- Portwrinkle Location within Cornwall
- OS grid reference: SX357539
- Civil parish: Sheviock;
- Unitary authority: Cornwall;
- Ceremonial county: Cornwall;
- Region: South West;
- Country: England
- Sovereign state: United Kingdom
- Post town: TORPOINT
- Postcode district: PL11
- Dialling code: 01503
- Police: Devon and Cornwall
- Fire: Cornwall
- Ambulance: South Western
- UK Parliament: South East Cornwall;

= Portwrinkle =

Portwrinkle (Porthwykkel) is a small coastal village in south-east Cornwall, England, United Kingdom. It is at the western end of Whitsand Bay five miles (8 km) south-west of Saltash.

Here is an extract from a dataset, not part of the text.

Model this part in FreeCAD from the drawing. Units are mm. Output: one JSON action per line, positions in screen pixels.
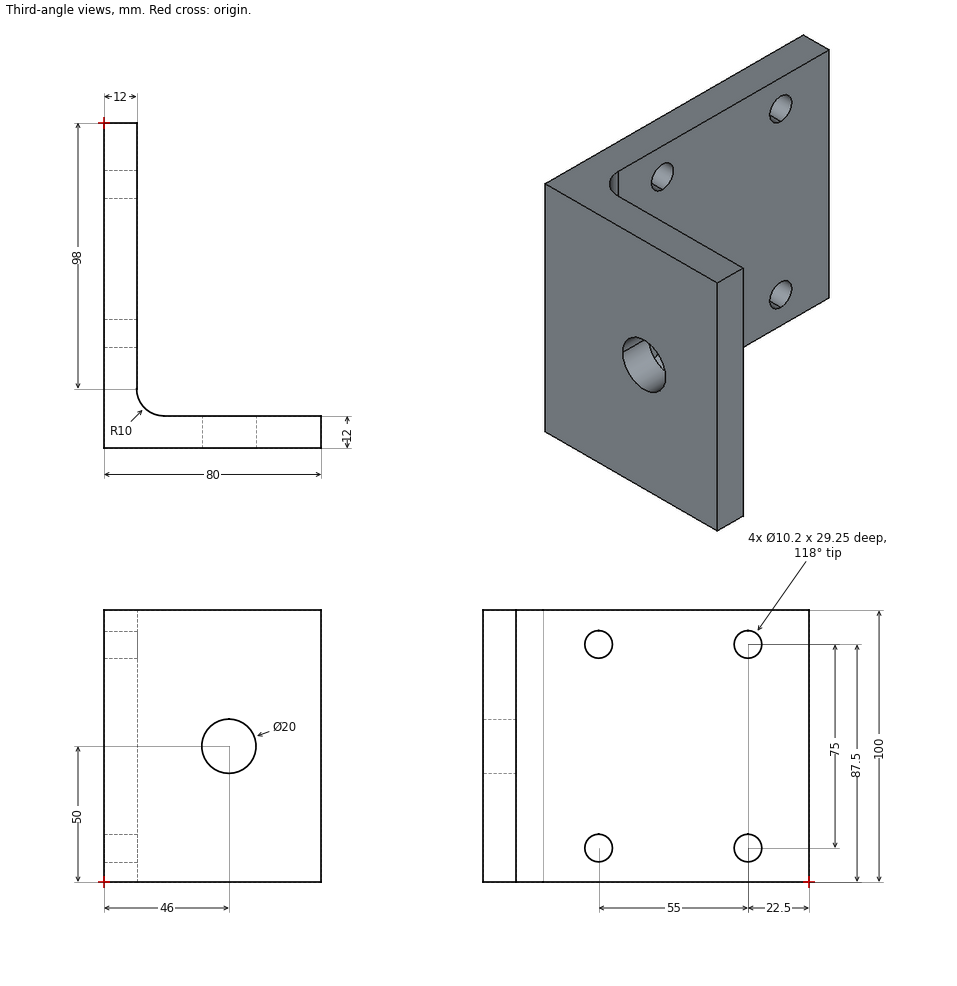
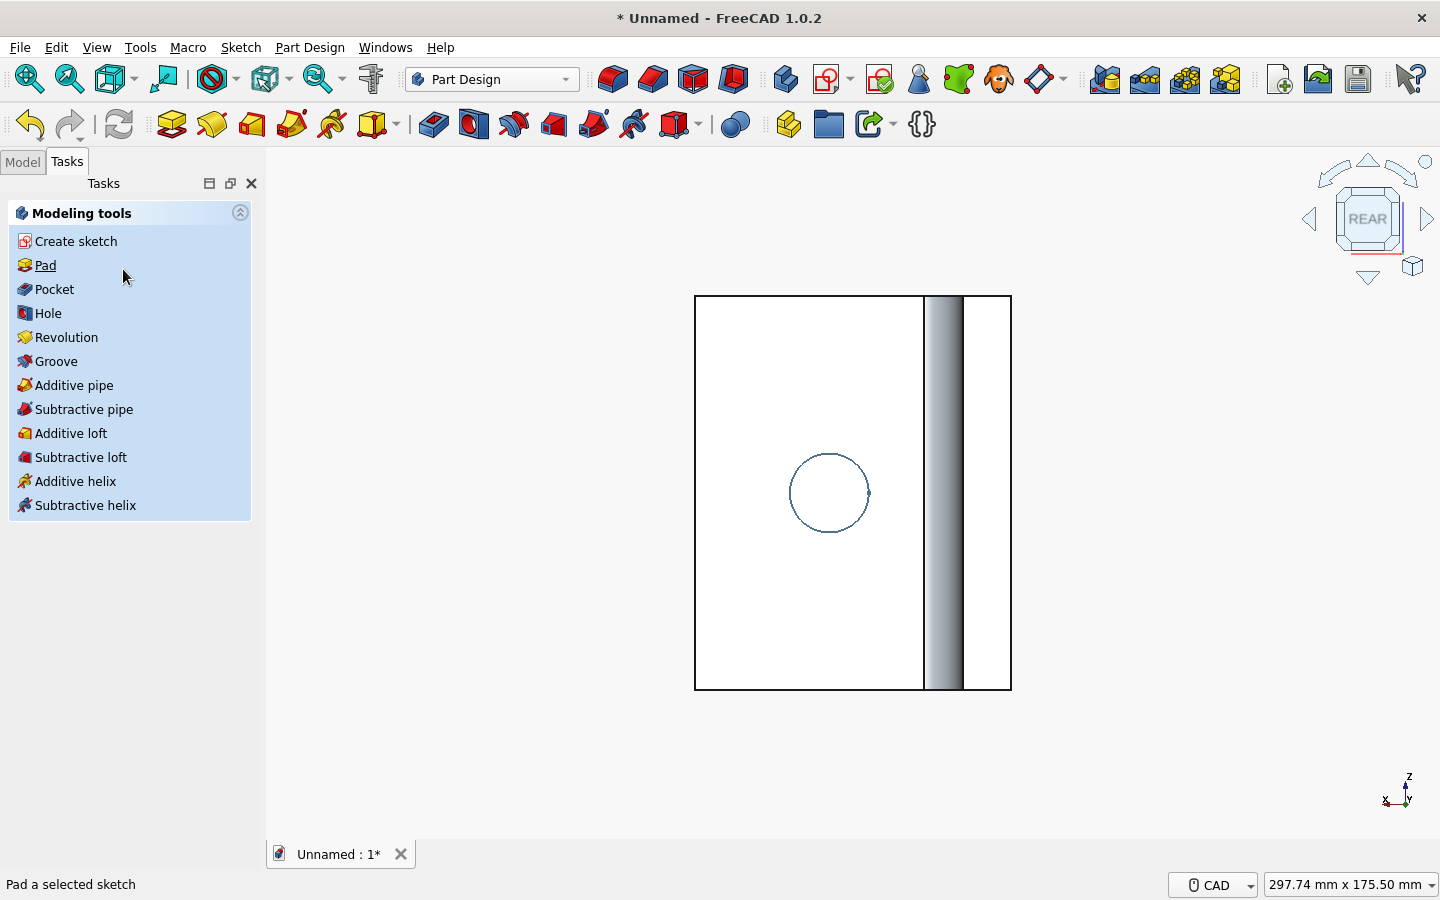
{"action": "left_click", "coordinate": [434, 124]}

Portwinkle was traditionally a fishing village, and the old 17th-century walls of the pilchard cellars are still standing, although they have been incorporated into housing. The village has a harbour, and two beaches are accessible from it. Although the village has no shops, apart from the beach car park cafe, there is a post office in nearby village of Crafthole.

The Whitsand Bay Hotel – formerly a mansion called Thanckes House in nearby Torpoint, dismantled and re-erected in Portwrinkle – closed in 2018 but (as of 2022) the Grade II listed building still stands, awaiting redevelopment.

==Eglarooze Cliff==
Eglarooze Cliff (Eglos Ros), to the west of the village, is designated a Site of Special Scientific Interest for its biological interest. The cliff is noted to contain 2 Red Data Book endangered plant species; the slender bird's-foot trefoil and carrot broomrape.